Integrated cost-schedule risk analysis allows calculation of Joint Confidence Level, the probability that both cost and schedule targets will simultaneously be met. Organizations such as NASA require JCL-70 for major new projects. For most projects where cost and schedule results are not highly correlated, a family of constant JCL-70 outcomes results in a “necklace” of points from which the analyst must select recommended cost/schedule target values. How should the analyst select defendable targets for presentation to management? This is not a matter of choosing the combination of cost and finish date most pleasing to the performer or the customer, but of choosing the combination that meets the JCL-70 (or whatever level of confidence in the estimate is needed) that is the most likely to occur with the scenario (e.g., pre-mitigation) being considered.
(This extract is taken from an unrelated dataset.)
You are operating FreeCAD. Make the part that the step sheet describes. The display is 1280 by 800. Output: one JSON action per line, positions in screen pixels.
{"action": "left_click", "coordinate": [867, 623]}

Some “eye-ball” a selected JCL-70 point, approximating the densest point in the scatter plot, but that is not convincing for budgetary purposes. Others draw the regression line through the scatterplot and pick the intersection with the JCL-70 necklace, but linear regression, by answering the best linear fit of the dataset, answers a completely different statistical question and is not necessarily reliable as a measure of the most likely combination of the JCL-70 cost and schedule.
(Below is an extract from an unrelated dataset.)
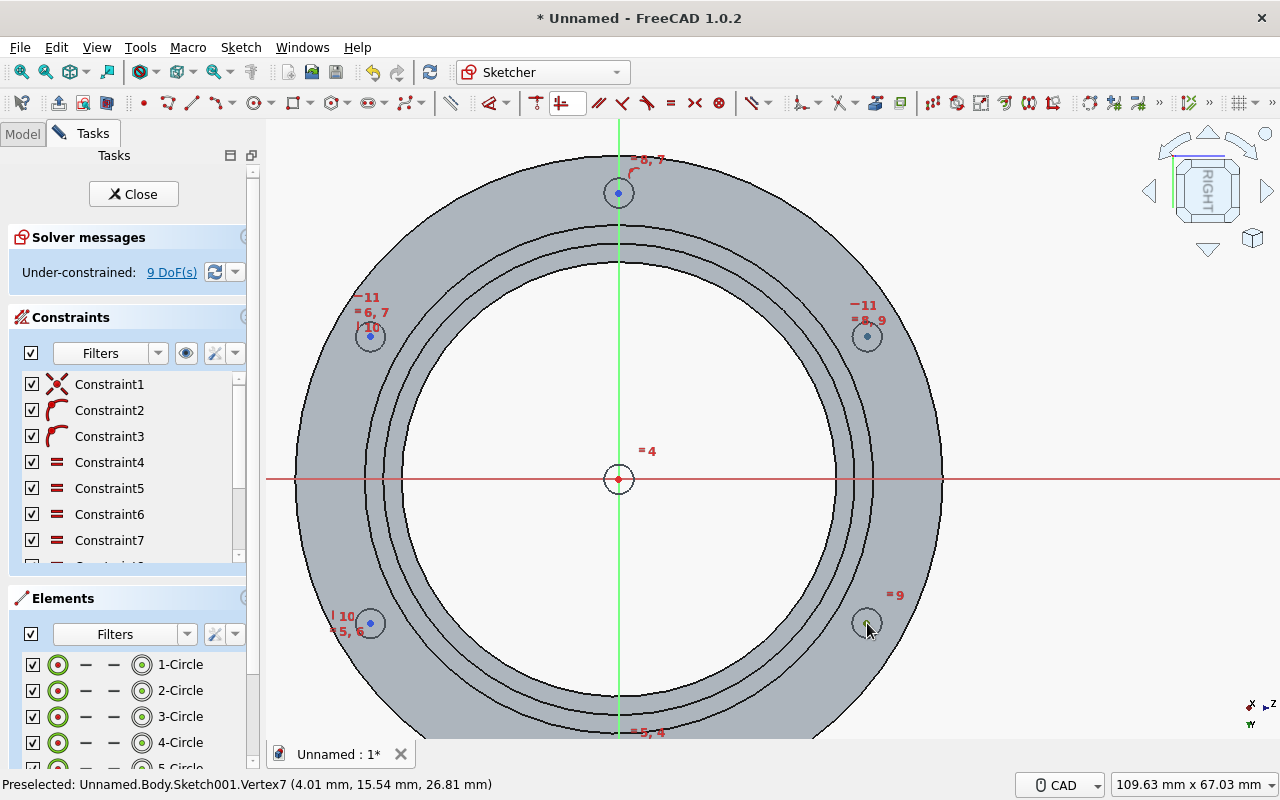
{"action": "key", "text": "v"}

This paper describes innovative graphical methods using three-dimensional histograms and surface plots of the scatter data to identify the most likely cost/schedule values at any JCL. The methods are demonstrated using actual scatter data from four real projects. The results validate the methodology as a sound basis for selecting cost/schedule targets and demonstrate how the regression line intersect becomes unreliable as cost/schedule correlation decrease.